ACTIVITY:
Read through the listing and copy every line that contains the word "angles".

GIVEN RECORDS:
*** Block opens ***

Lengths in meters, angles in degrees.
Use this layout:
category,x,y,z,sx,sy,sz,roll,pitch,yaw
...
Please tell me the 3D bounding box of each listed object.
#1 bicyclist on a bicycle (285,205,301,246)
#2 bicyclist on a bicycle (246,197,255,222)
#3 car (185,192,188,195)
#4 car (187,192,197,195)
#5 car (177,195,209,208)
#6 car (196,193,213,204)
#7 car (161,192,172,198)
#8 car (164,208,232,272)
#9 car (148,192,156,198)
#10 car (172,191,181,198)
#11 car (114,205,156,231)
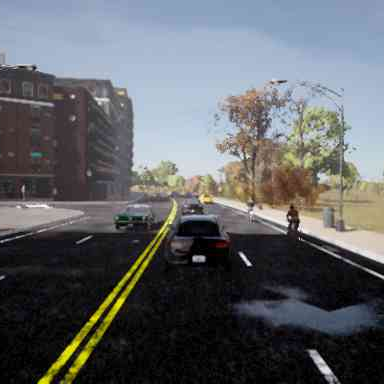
category,x,y,z,sx,sy,sz,roll,pitch,yaw
bicyclist on a bicycle,4.232,1.380,13.943,0.582,1.620,1.656,0,0,0
bicyclist on a bicycle,4.152,1.224,23.840,0.659,1.776,1.843,0,1,-1
car,-0.755,0.670,88.879,2.097,1.767,4.553,0,0,-6
car,0.753,0.978,73.458,2.128,1.511,4.902,0,0,-5
car,0.018,1.285,28.555,2.128,1.511,4.902,0,0,-1
car,2.246,1.094,53.734,1.882,1.535,5.008,0,1,-3
car,-6.740,0.922,83.662,1.895,1.301,4.718,0,0,-5
car,0.178,1.452,10.443,1.812,1.442,4.674,0,0,0
car,-9.971,0.791,83.319,1.882,1.535,5.008,0,0,-5
car,-3.949,0.828,88.169,2.128,1.511,4.902,0,0,-6
car,-3.263,1.439,19.728,1.895,1.301,4.718,0,0,0
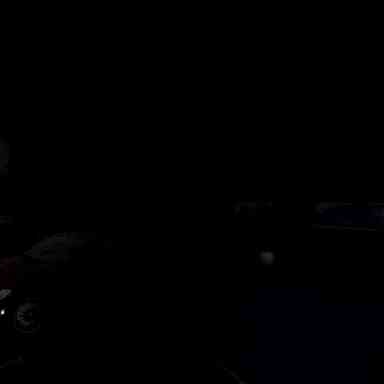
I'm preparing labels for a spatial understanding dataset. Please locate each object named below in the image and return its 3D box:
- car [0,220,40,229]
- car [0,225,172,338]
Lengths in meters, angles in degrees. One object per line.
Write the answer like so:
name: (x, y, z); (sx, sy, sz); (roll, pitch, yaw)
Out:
car: (-4.556, 1.460, 8.470); (2.097, 1.535, 5.008); (0, 0, 35)
car: (-2.299, 1.505, 6.885); (2.002, 1.452, 4.674); (0, 0, 35)

*** Block closes ***

RESPONSE BELOW:
Lengths in meters, angles in degrees.
Lengths in meters, angles in degrees. One object per line.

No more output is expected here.